**EXERCISE BRIEF:** Give the records again. Keep them exact and leave out the images.

(Records drawn from a dataset)
——————————

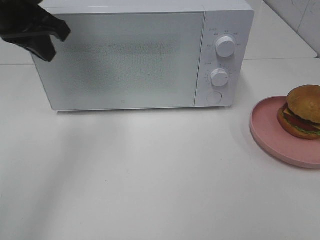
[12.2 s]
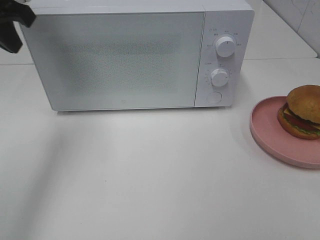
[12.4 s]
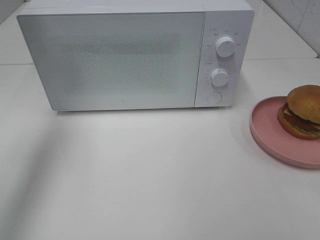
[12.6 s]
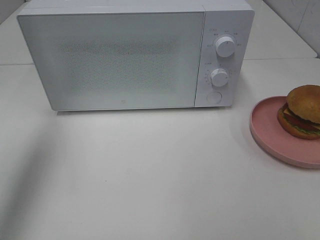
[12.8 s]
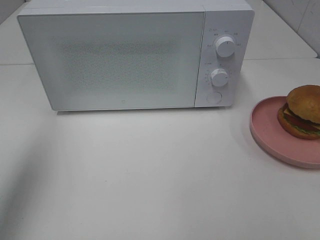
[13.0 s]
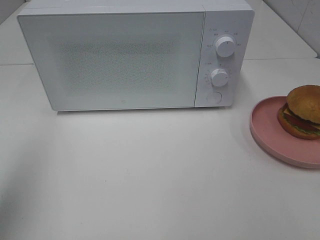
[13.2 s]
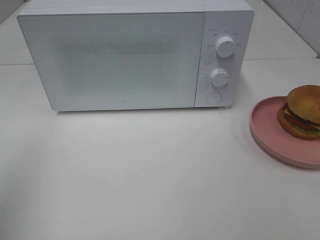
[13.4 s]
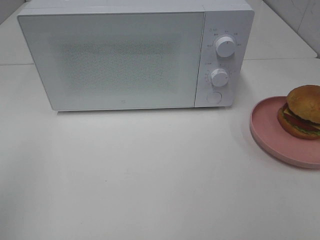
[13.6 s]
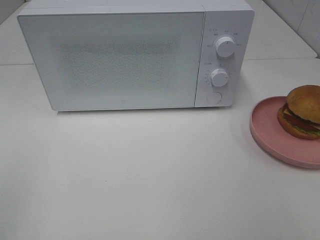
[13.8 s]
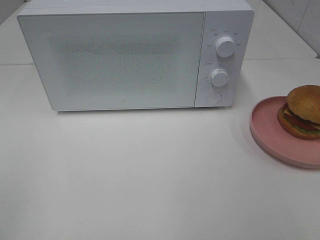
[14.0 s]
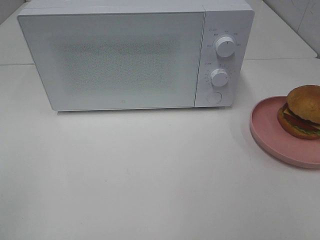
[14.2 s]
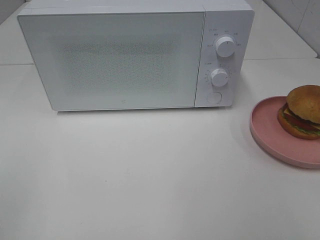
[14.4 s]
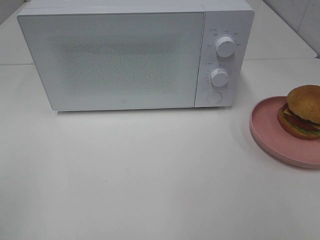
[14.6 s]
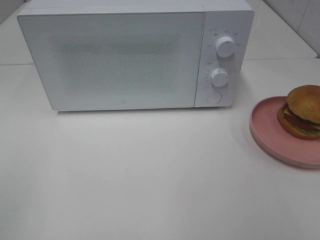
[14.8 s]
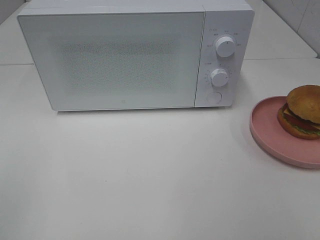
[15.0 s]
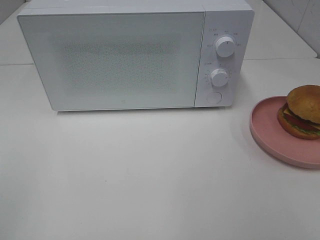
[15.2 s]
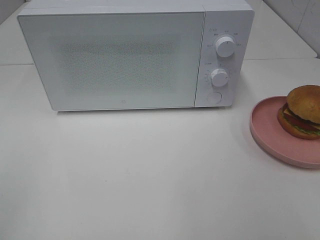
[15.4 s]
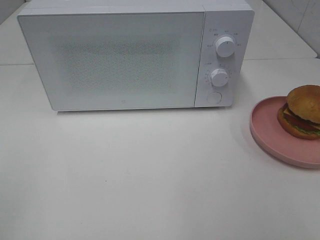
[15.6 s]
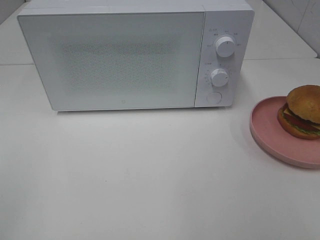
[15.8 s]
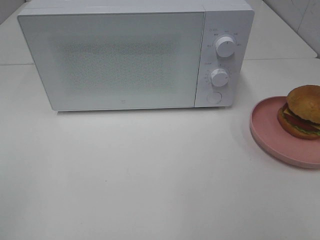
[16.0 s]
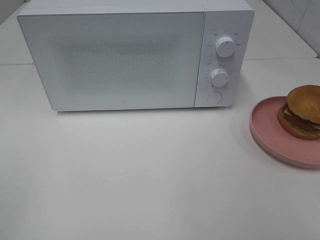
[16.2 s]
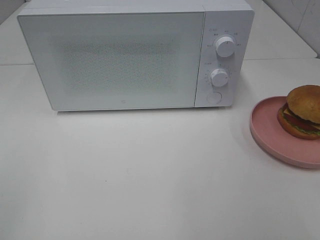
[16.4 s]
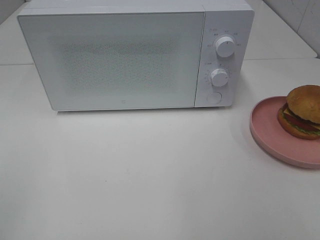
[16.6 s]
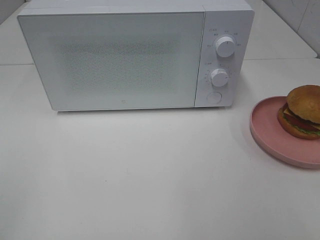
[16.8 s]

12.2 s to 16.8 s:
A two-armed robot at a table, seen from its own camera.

——————————

**OUTPUT OF THE TASK:**
[12.2 s]
[12.4 s]
[12.6 s]
[12.8 s]
[13.0 s]
[13.2 s]
[13.4 s]
[13.6 s]
[13.8 s]
[14.0 s]
[14.2 s]
[14.4 s]
[14.6 s]
[14.8 s]
[15.0 s]
[15.2 s]
[15.4 s]
[15.6 s]
[15.8 s]
[16.0 s]
[16.2 s]
[16.4 s]
[16.6 s]
[16.8 s]

12.2 s to 16.8 s:
A two-armed robot at a table, seen from its own camera.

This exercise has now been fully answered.